In Louisiana, the Green-winged Teal is named Sarcelle d’hiver, while the Blue-winged species bears the name of Sarcelle d’été, although the latter remains only some weeks in that country after the departure of the former. Its general name, however, is the “Green-wing”: and a poor name in my opinion it is, for the bird has not more green on its wings than several other species have. Indeed, very many birds are strangely named, not less in pure Latin, than in English, French, and Dutch; and very many are every year receiving names still stranger than those they bore.
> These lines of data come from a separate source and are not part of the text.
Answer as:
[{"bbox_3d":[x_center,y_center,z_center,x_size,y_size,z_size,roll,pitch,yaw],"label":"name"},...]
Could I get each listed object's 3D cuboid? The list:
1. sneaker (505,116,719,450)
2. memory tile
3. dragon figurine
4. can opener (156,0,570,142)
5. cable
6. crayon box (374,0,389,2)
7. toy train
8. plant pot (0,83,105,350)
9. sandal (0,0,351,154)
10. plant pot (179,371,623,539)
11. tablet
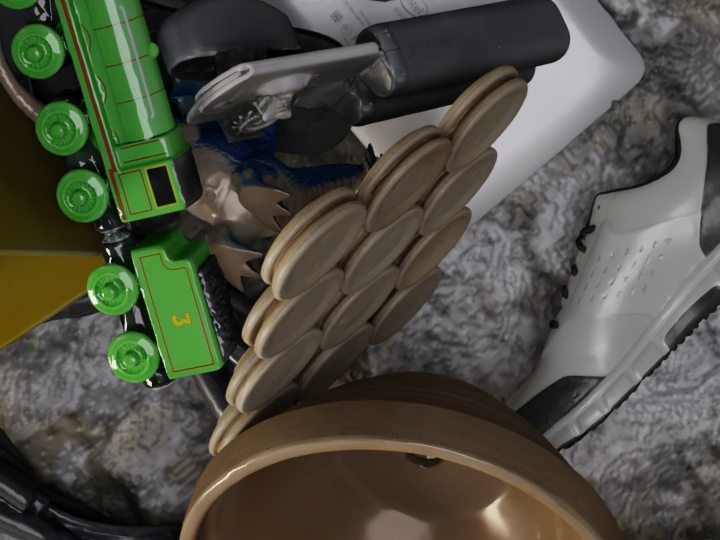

For my part, I am at present a kind of conservative, and adhere to the old system until I see the mud raised up by the waders subside, when I may probe my way with more chance of success.
The Green-winged Teal is a fresh-water bird, being rarely met with in marine bays, creeks, or lagoons, where, however, it may sometimes spend a few days. It is accordingly enabled to feed with its body half-immersed, in the manner of the Mallard and several other species, for which purpose it is furnished with a comparatively long neck. Its food consists principally of the seeds of grasses, which are collected either when floating or when still adhering to their stalks, small acorns, fallen grapes or berries, as well as aquatic insects, worms, and small snails. I have never found water lizards, leeches, fishes, or even tadpoles in their gizzards. The food of this bird being thus more select than that of most other Ducks, its flesh is delicious, probably the best of any of its tribe; and I would readily agree with any epicure in saying, that when it has fed on wild oats at Green Bay, or on soaked rice in the fields of Georgia and the Carolinas, for a few weeks after its arrival in those countries, it is much superior to the Canvass-back in tenderness, juiciness, and flavour. Indeed, the Green-wing is as much superior to the Canvass-back, as the European Quail is to the Capercailie, or the Sora of the Delaware to the Scolopaceous Curlew of the Florida Ever Glades.